Klaus threw the reins to Elvis and told him to put
them on the animal. Rudolph hardly noticed a thing as the leather straps were
passed around his neck and tied across his muzzle. He just stood there, his
eyes almost and his nose glowing brighter by the second, in a trance of
sugar-induced ecstasy.
Gently taking the reindeer by the antler, Klaus pulled
him in the direction of a low brick building at the far end of the paddock. A
barely visible track led to its weather-beaten green doors – it was clearly
used only on special occasions. The door opened and a heavy wooden sleigh emerged
from the gloom. Klaus led Rudolph inside and after a symphony of huffing, the
jangling of bells, and a few choice swear words later, they emerged with the animal
firmly between the shafts of the sleigh, a nosebag filled with sherbet dib-dabs
round his neck, and the old man in the driver’s seat.
“Well, if you’re coming, now’s the time,” he said,
patting the cushioned seat next to him. “It’s time to blow this joint, hit the
candy stores and find a drinking hole with a philosopher-barkeep we can tell
our woes to.”
He reached in his pocket, pulled the golden key out
and inserted it in a tiny hole in the dashboard.
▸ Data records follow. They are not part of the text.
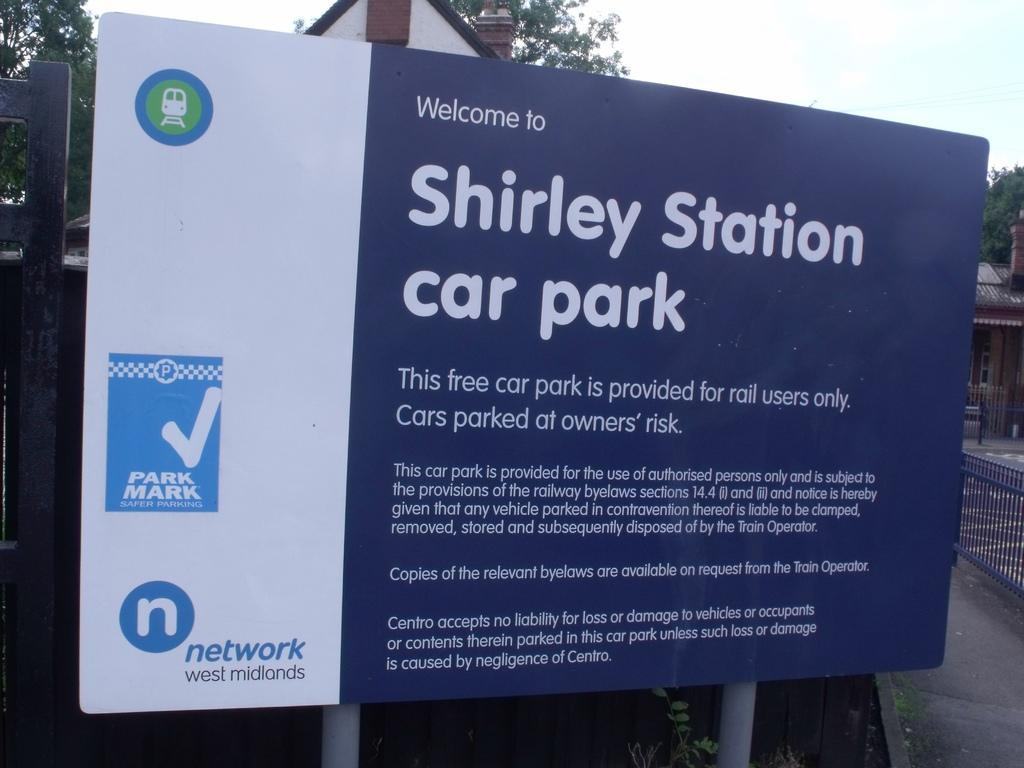<image>
Write a terse but informative summary of the picture. Welcome to Shirley Station Car park banner with a network logo 
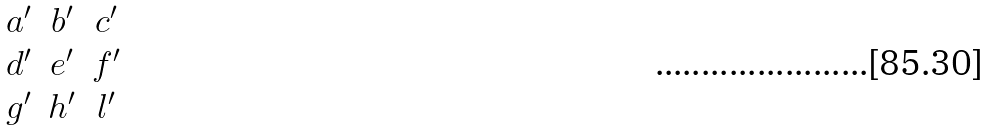Convert formula to latex. <formula><loc_0><loc_0><loc_500><loc_500>\begin{matrix} a ^ { \prime } & b ^ { \prime } & c ^ { \prime } \\ d ^ { \prime } & e ^ { \prime } & f ^ { \prime } \\ g ^ { \prime } & h ^ { \prime } & l ^ { \prime } \end{matrix}</formula> 
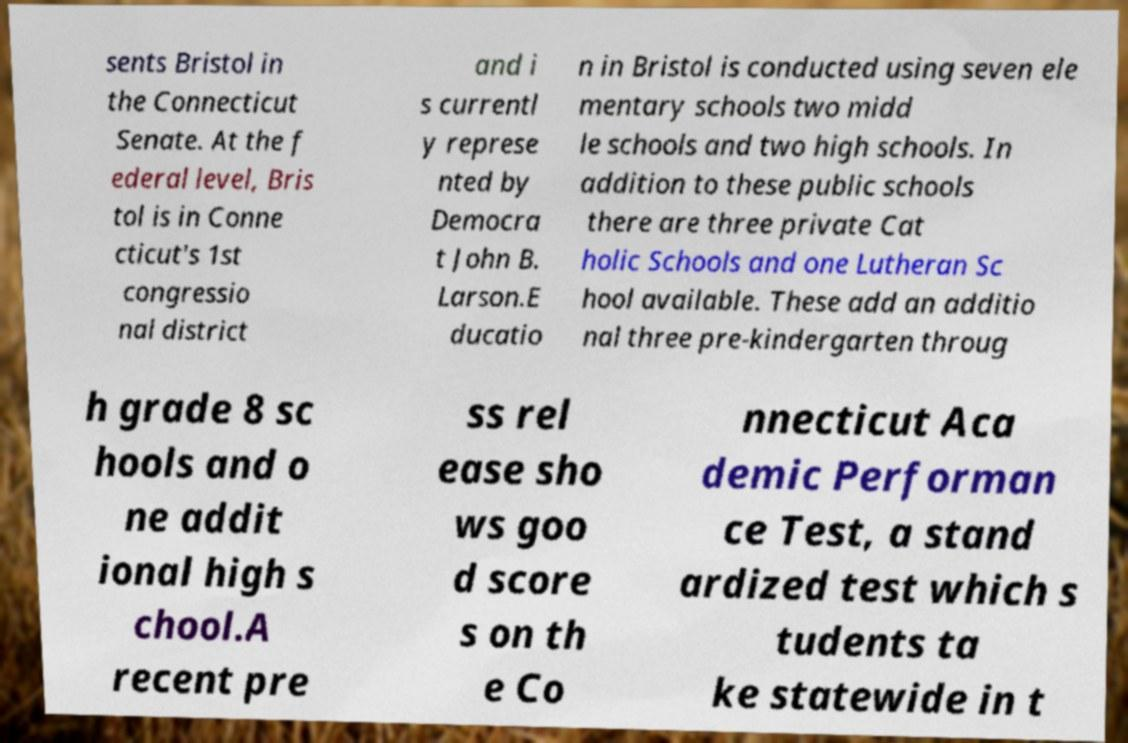Can you accurately transcribe the text from the provided image for me? sents Bristol in the Connecticut Senate. At the f ederal level, Bris tol is in Conne cticut's 1st congressio nal district and i s currentl y represe nted by Democra t John B. Larson.E ducatio n in Bristol is conducted using seven ele mentary schools two midd le schools and two high schools. In addition to these public schools there are three private Cat holic Schools and one Lutheran Sc hool available. These add an additio nal three pre-kindergarten throug h grade 8 sc hools and o ne addit ional high s chool.A recent pre ss rel ease sho ws goo d score s on th e Co nnecticut Aca demic Performan ce Test, a stand ardized test which s tudents ta ke statewide in t 
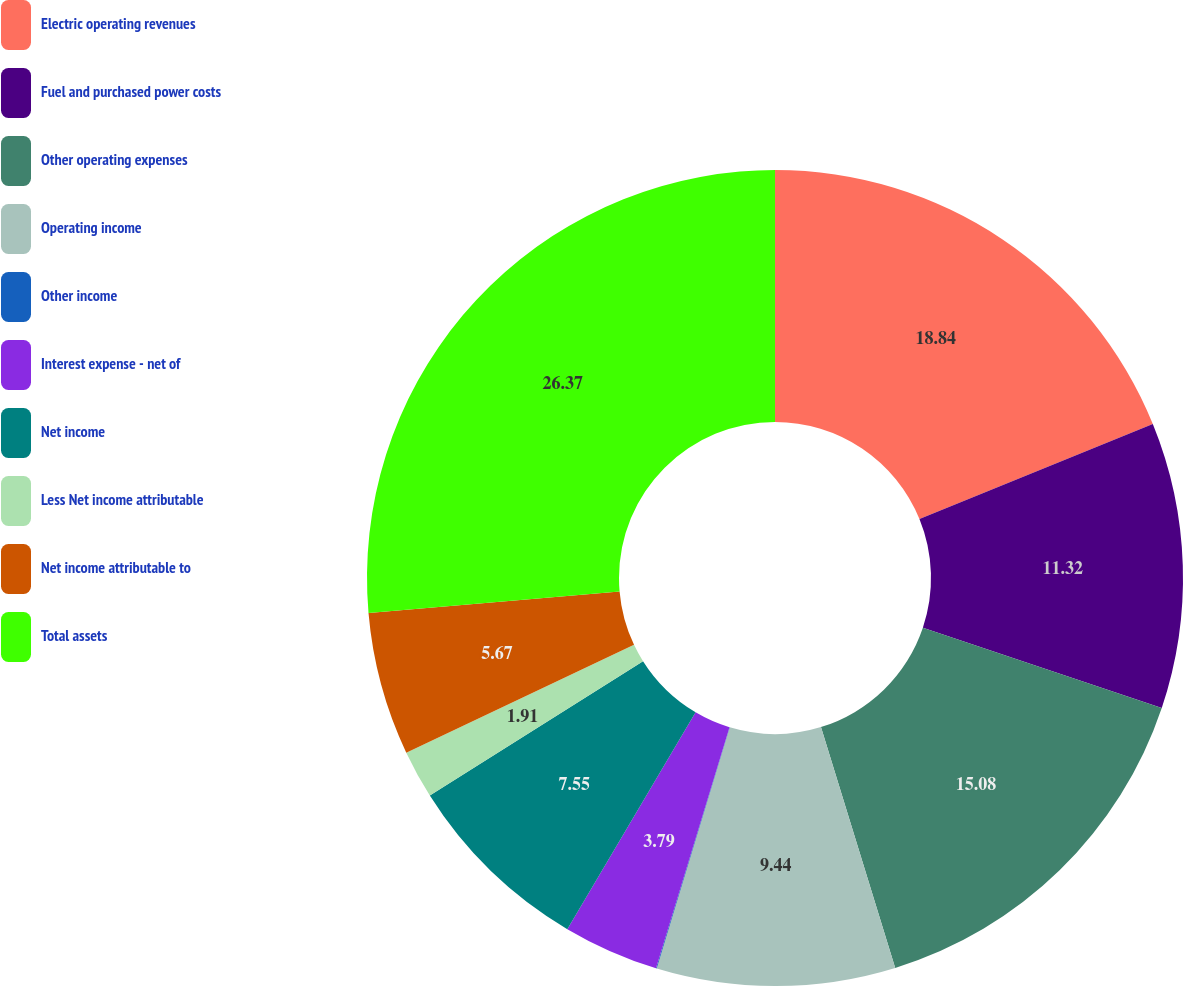Convert chart to OTSL. <chart><loc_0><loc_0><loc_500><loc_500><pie_chart><fcel>Electric operating revenues<fcel>Fuel and purchased power costs<fcel>Other operating expenses<fcel>Operating income<fcel>Other income<fcel>Interest expense - net of<fcel>Net income<fcel>Less Net income attributable<fcel>Net income attributable to<fcel>Total assets<nl><fcel>18.84%<fcel>11.32%<fcel>15.08%<fcel>9.44%<fcel>0.03%<fcel>3.79%<fcel>7.55%<fcel>1.91%<fcel>5.67%<fcel>26.37%<nl></chart> 
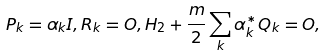<formula> <loc_0><loc_0><loc_500><loc_500>P _ { k } = \alpha _ { k } I , R _ { k } = O , H _ { 2 } + \frac { \i m } { 2 } \sum _ { k } \alpha _ { k } ^ { * } Q _ { k } = O ,</formula> 
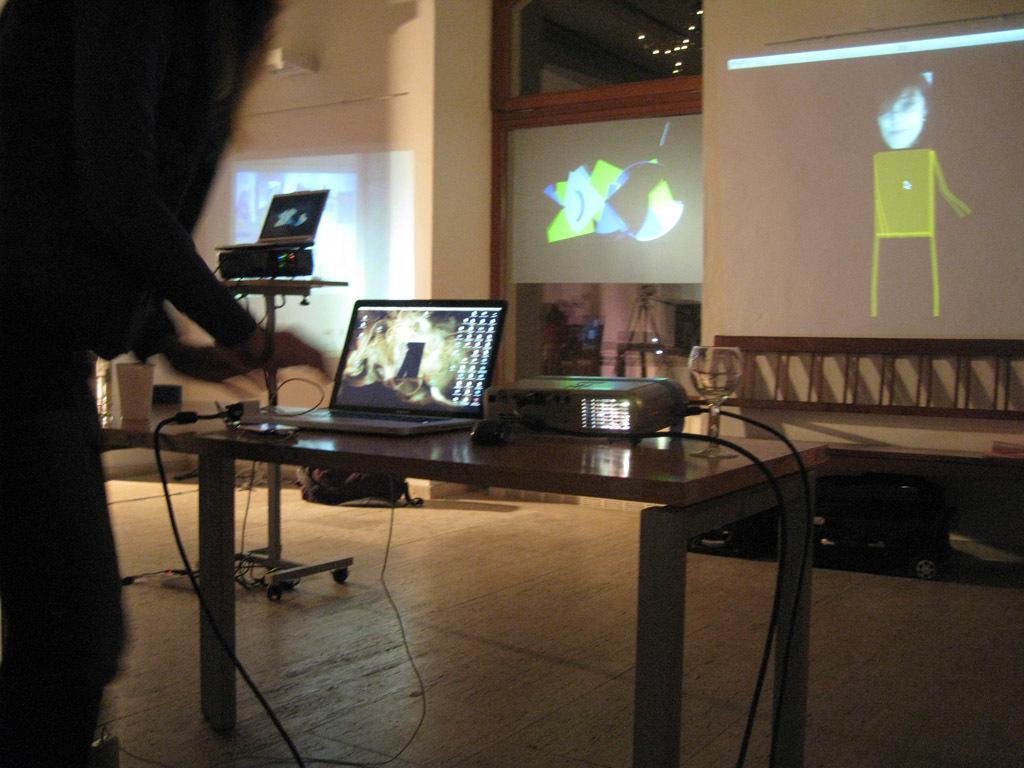Can you describe this image briefly? Here in this picture, in the front we can see a table present on the floor, on which we can see a laptop and a projector and a glass present and we can also see cable wires connected and in front of it we can see a wall, on which we can see something projected and below that we can see a ladder present and beside that also we can see a table, on which we can see a projector with a laptop present on it and in front of that also we can see something projected on the projector screen and beside that also we can see something projected on the wall and we can see lights also present on the roof. 
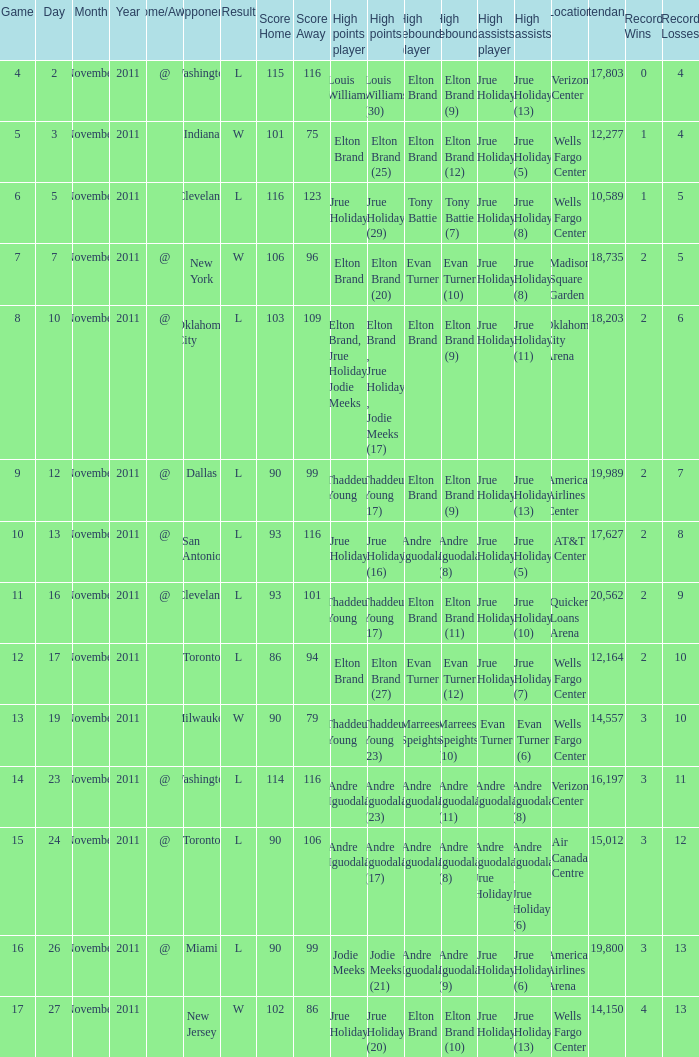How many games are shown for the game where andre iguodala (9) had the high rebounds? 1.0. 
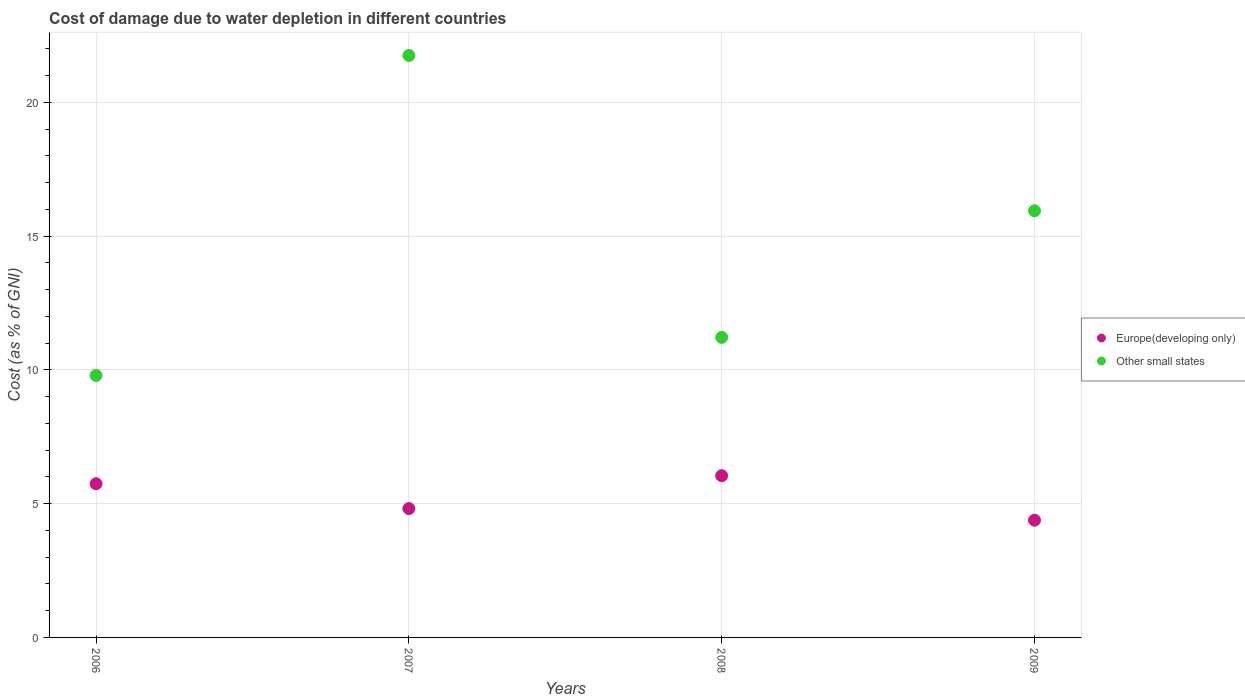How many different coloured dotlines are there?
Make the answer very short. 2. What is the cost of damage caused due to water depletion in Other small states in 2009?
Ensure brevity in your answer.  15.94. Across all years, what is the maximum cost of damage caused due to water depletion in Other small states?
Make the answer very short. 21.75. Across all years, what is the minimum cost of damage caused due to water depletion in Other small states?
Offer a very short reply. 9.79. In which year was the cost of damage caused due to water depletion in Other small states minimum?
Keep it short and to the point. 2006. What is the total cost of damage caused due to water depletion in Europe(developing only) in the graph?
Ensure brevity in your answer.  20.98. What is the difference between the cost of damage caused due to water depletion in Europe(developing only) in 2006 and that in 2008?
Give a very brief answer. -0.3. What is the difference between the cost of damage caused due to water depletion in Europe(developing only) in 2006 and the cost of damage caused due to water depletion in Other small states in 2008?
Keep it short and to the point. -5.47. What is the average cost of damage caused due to water depletion in Other small states per year?
Your answer should be compact. 14.67. In the year 2009, what is the difference between the cost of damage caused due to water depletion in Other small states and cost of damage caused due to water depletion in Europe(developing only)?
Your answer should be compact. 11.56. In how many years, is the cost of damage caused due to water depletion in Other small states greater than 7 %?
Your answer should be compact. 4. What is the ratio of the cost of damage caused due to water depletion in Europe(developing only) in 2006 to that in 2009?
Keep it short and to the point. 1.31. Is the cost of damage caused due to water depletion in Other small states in 2008 less than that in 2009?
Keep it short and to the point. Yes. Is the difference between the cost of damage caused due to water depletion in Other small states in 2007 and 2008 greater than the difference between the cost of damage caused due to water depletion in Europe(developing only) in 2007 and 2008?
Your answer should be compact. Yes. What is the difference between the highest and the second highest cost of damage caused due to water depletion in Europe(developing only)?
Give a very brief answer. 0.3. What is the difference between the highest and the lowest cost of damage caused due to water depletion in Other small states?
Your answer should be very brief. 11.96. Does the cost of damage caused due to water depletion in Other small states monotonically increase over the years?
Give a very brief answer. No. How many years are there in the graph?
Give a very brief answer. 4. What is the difference between two consecutive major ticks on the Y-axis?
Give a very brief answer. 5. Are the values on the major ticks of Y-axis written in scientific E-notation?
Make the answer very short. No. Where does the legend appear in the graph?
Ensure brevity in your answer.  Center right. How are the legend labels stacked?
Give a very brief answer. Vertical. What is the title of the graph?
Provide a succinct answer. Cost of damage due to water depletion in different countries. What is the label or title of the X-axis?
Provide a succinct answer. Years. What is the label or title of the Y-axis?
Provide a short and direct response. Cost (as % of GNI). What is the Cost (as % of GNI) in Europe(developing only) in 2006?
Make the answer very short. 5.74. What is the Cost (as % of GNI) of Other small states in 2006?
Offer a very short reply. 9.79. What is the Cost (as % of GNI) of Europe(developing only) in 2007?
Provide a succinct answer. 4.82. What is the Cost (as % of GNI) of Other small states in 2007?
Offer a terse response. 21.75. What is the Cost (as % of GNI) of Europe(developing only) in 2008?
Offer a very short reply. 6.04. What is the Cost (as % of GNI) of Other small states in 2008?
Make the answer very short. 11.21. What is the Cost (as % of GNI) of Europe(developing only) in 2009?
Offer a very short reply. 4.38. What is the Cost (as % of GNI) of Other small states in 2009?
Offer a terse response. 15.94. Across all years, what is the maximum Cost (as % of GNI) of Europe(developing only)?
Give a very brief answer. 6.04. Across all years, what is the maximum Cost (as % of GNI) in Other small states?
Make the answer very short. 21.75. Across all years, what is the minimum Cost (as % of GNI) in Europe(developing only)?
Your answer should be compact. 4.38. Across all years, what is the minimum Cost (as % of GNI) of Other small states?
Keep it short and to the point. 9.79. What is the total Cost (as % of GNI) of Europe(developing only) in the graph?
Your answer should be very brief. 20.98. What is the total Cost (as % of GNI) of Other small states in the graph?
Offer a terse response. 58.7. What is the difference between the Cost (as % of GNI) of Europe(developing only) in 2006 and that in 2007?
Ensure brevity in your answer.  0.93. What is the difference between the Cost (as % of GNI) in Other small states in 2006 and that in 2007?
Your answer should be very brief. -11.96. What is the difference between the Cost (as % of GNI) of Europe(developing only) in 2006 and that in 2008?
Your answer should be very brief. -0.3. What is the difference between the Cost (as % of GNI) in Other small states in 2006 and that in 2008?
Ensure brevity in your answer.  -1.42. What is the difference between the Cost (as % of GNI) of Europe(developing only) in 2006 and that in 2009?
Provide a succinct answer. 1.36. What is the difference between the Cost (as % of GNI) of Other small states in 2006 and that in 2009?
Give a very brief answer. -6.15. What is the difference between the Cost (as % of GNI) of Europe(developing only) in 2007 and that in 2008?
Provide a succinct answer. -1.23. What is the difference between the Cost (as % of GNI) of Other small states in 2007 and that in 2008?
Keep it short and to the point. 10.53. What is the difference between the Cost (as % of GNI) in Europe(developing only) in 2007 and that in 2009?
Offer a terse response. 0.43. What is the difference between the Cost (as % of GNI) of Other small states in 2007 and that in 2009?
Give a very brief answer. 5.8. What is the difference between the Cost (as % of GNI) in Europe(developing only) in 2008 and that in 2009?
Give a very brief answer. 1.66. What is the difference between the Cost (as % of GNI) in Other small states in 2008 and that in 2009?
Keep it short and to the point. -4.73. What is the difference between the Cost (as % of GNI) of Europe(developing only) in 2006 and the Cost (as % of GNI) of Other small states in 2007?
Provide a succinct answer. -16. What is the difference between the Cost (as % of GNI) in Europe(developing only) in 2006 and the Cost (as % of GNI) in Other small states in 2008?
Offer a terse response. -5.47. What is the difference between the Cost (as % of GNI) in Europe(developing only) in 2006 and the Cost (as % of GNI) in Other small states in 2009?
Provide a short and direct response. -10.2. What is the difference between the Cost (as % of GNI) in Europe(developing only) in 2007 and the Cost (as % of GNI) in Other small states in 2008?
Keep it short and to the point. -6.4. What is the difference between the Cost (as % of GNI) in Europe(developing only) in 2007 and the Cost (as % of GNI) in Other small states in 2009?
Give a very brief answer. -11.13. What is the difference between the Cost (as % of GNI) of Europe(developing only) in 2008 and the Cost (as % of GNI) of Other small states in 2009?
Your response must be concise. -9.9. What is the average Cost (as % of GNI) in Europe(developing only) per year?
Provide a short and direct response. 5.25. What is the average Cost (as % of GNI) of Other small states per year?
Make the answer very short. 14.67. In the year 2006, what is the difference between the Cost (as % of GNI) of Europe(developing only) and Cost (as % of GNI) of Other small states?
Provide a short and direct response. -4.05. In the year 2007, what is the difference between the Cost (as % of GNI) of Europe(developing only) and Cost (as % of GNI) of Other small states?
Your response must be concise. -16.93. In the year 2008, what is the difference between the Cost (as % of GNI) of Europe(developing only) and Cost (as % of GNI) of Other small states?
Offer a very short reply. -5.17. In the year 2009, what is the difference between the Cost (as % of GNI) of Europe(developing only) and Cost (as % of GNI) of Other small states?
Provide a succinct answer. -11.56. What is the ratio of the Cost (as % of GNI) of Europe(developing only) in 2006 to that in 2007?
Offer a very short reply. 1.19. What is the ratio of the Cost (as % of GNI) in Other small states in 2006 to that in 2007?
Your response must be concise. 0.45. What is the ratio of the Cost (as % of GNI) of Europe(developing only) in 2006 to that in 2008?
Provide a short and direct response. 0.95. What is the ratio of the Cost (as % of GNI) in Other small states in 2006 to that in 2008?
Your answer should be compact. 0.87. What is the ratio of the Cost (as % of GNI) in Europe(developing only) in 2006 to that in 2009?
Provide a short and direct response. 1.31. What is the ratio of the Cost (as % of GNI) of Other small states in 2006 to that in 2009?
Your answer should be very brief. 0.61. What is the ratio of the Cost (as % of GNI) in Europe(developing only) in 2007 to that in 2008?
Your answer should be very brief. 0.8. What is the ratio of the Cost (as % of GNI) in Other small states in 2007 to that in 2008?
Provide a succinct answer. 1.94. What is the ratio of the Cost (as % of GNI) in Europe(developing only) in 2007 to that in 2009?
Provide a short and direct response. 1.1. What is the ratio of the Cost (as % of GNI) of Other small states in 2007 to that in 2009?
Provide a succinct answer. 1.36. What is the ratio of the Cost (as % of GNI) in Europe(developing only) in 2008 to that in 2009?
Keep it short and to the point. 1.38. What is the ratio of the Cost (as % of GNI) in Other small states in 2008 to that in 2009?
Ensure brevity in your answer.  0.7. What is the difference between the highest and the second highest Cost (as % of GNI) in Europe(developing only)?
Provide a short and direct response. 0.3. What is the difference between the highest and the second highest Cost (as % of GNI) of Other small states?
Make the answer very short. 5.8. What is the difference between the highest and the lowest Cost (as % of GNI) of Europe(developing only)?
Your answer should be very brief. 1.66. What is the difference between the highest and the lowest Cost (as % of GNI) of Other small states?
Provide a short and direct response. 11.96.

Rudolph’s stopped his manic
crunching and looked up, suddenly alert and his nose burning neon red. A
strange whirring vibrated through the air, and a soft cushion of air inserted
itself between the sleigh and the snowy ground.
Elvis took one look back at the elf shed – to the only
life he’d ever known. Nothing had changed. Everything looked the same. Dooley
was busily hammering away at a loose slat on the reindeer shed. Entynne was
giggling with a gaggle of her friends as they headed for the workshop. Myffanwy
discreetly emptied the contents of Wilbur’s chamber pot onto the vegetable
patch.
Not one of them missed him. No-one was looking for
him. Probably hadn’t even noticed he had gone.
He stepped onto the sleigh and gave Klaus a grim nod.